The idea is to apply the latest advancements in optoelectronics to enhance the travelers’ experience and elegantly cut costs. Removing the windows eliminates heavy housings, which significantly reduces the plane’s weight. Less weight = less fuel. And according to the company taking the lead on this ambitious project, for every 1% reduction in weight, there’s 0.75% in fuel savings. This cost savings would presumably trickle down to passengers. Cameras mounted on the plane’s exterior — and powered by solar panels — would capture a panoramic view of the sky (or any broad canvas) and project it onto OLED screens for the passengers. And it wouldn’t be limited to what’s outside the plane. Going for a long voyage over the Atlantic? How about a panoramic view of Venice Beach or the Grand Canyon?
CPI has made some pretty substantial claims about what this sort of technology could do for the flight industry. For starters, the plane walls would be thinner, more lightweight and stronger than what we have now. It’s also cheaper, CPI said, which could lead to less costly flights for consumers. According to its calculations, each time plane weight reduces 1%, there’s a 0.75% savings in fuel cost, so the passenger, manufacturer and the airline will save money. CPI has made some pretty substantial claims about what this sort of technology could do for the flight industry. For starters, the plane walls would be thinner, more lightweight and stronger than what we have now. It’s also cheaper, CPI said, which could lead to less costly flights for consumers. According to its calculations, each time plane weight reduces 1%, there’s a 0.75% savings in fuel cost, so the passenger, manufacturer and the airline will save money.

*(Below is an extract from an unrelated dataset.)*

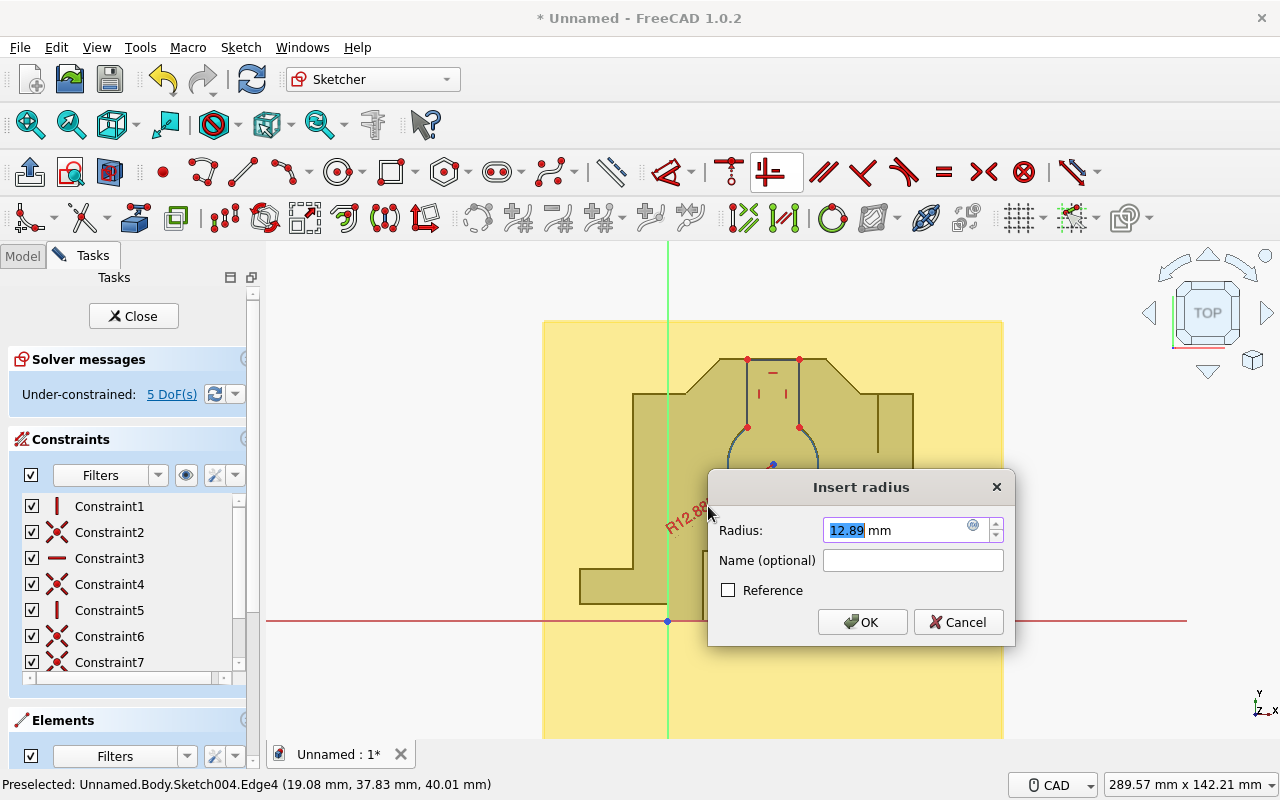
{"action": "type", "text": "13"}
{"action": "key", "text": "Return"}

If a window seat is enough to make you nervous on a flight, you might want to avoid a new kind of plane that could fly in a decade. UK-based tech Innovation Company CPI hopes to be among the first to design a windowless aircraft.
Meet the Innovators …
This intriguing and thought-provoking new aviation concept is presented by, a Paris-based design company’s Technicon Design. In year 2014, the firm snared an award for its IXION windowless jet concept. It was remarkably similar; it also sought to use cameras mounted outside the plane to provide a “360-degree view” of the scenery, projected on high res screens inside the cabin. Technicon also noted that this would allow the plane’s frame to be more flexible and lightweight.
A couple years before that, commercial airplane behemoth Airbus floated the idea of doing away with windows in its 2050 future airliner designs. The company suggested an embrace of biomimicry, and turning the cabin into a sort of terrifying/awesome airborne hive cluster. A bio-polyer membrane would control light, humidity and temperature and could become transparent or opaque at the push of a button, eliminating the need for windows. Airbus is still on its windowless tear, by the way—it recently filed a patent for windowless cockpits.
“We can make transistors that are flexible, but if we can make OLEDs that are flexible, that gives us a lot of potential in the market because we can print OLEDs on to packaging,” said CPI’s Dr. Jon Helliwell. But the futuristic technology doesn’t end there; the images displayed would also change in accordance with the passenger’s head movements. If CPI are successful in developing OLED technology, ultimately it could also lead to “smart packaging” for pharmaceuticals or food which would provide gadgets with important information, such as when the produce is spoiling.
Conclusion…
For the claustrophobics out there, a plane without windows may sound like a total nightmare, but the idea isn’t to take away your view of the world as you soar through the air, it’s to enhance it. In case, you don’t fancy watching the skies, you can always flick over the usual in-flight entertainment. So technology is ready to add a new chapter in aerospace engineering coupled with technological advancements and futuristic enhancements.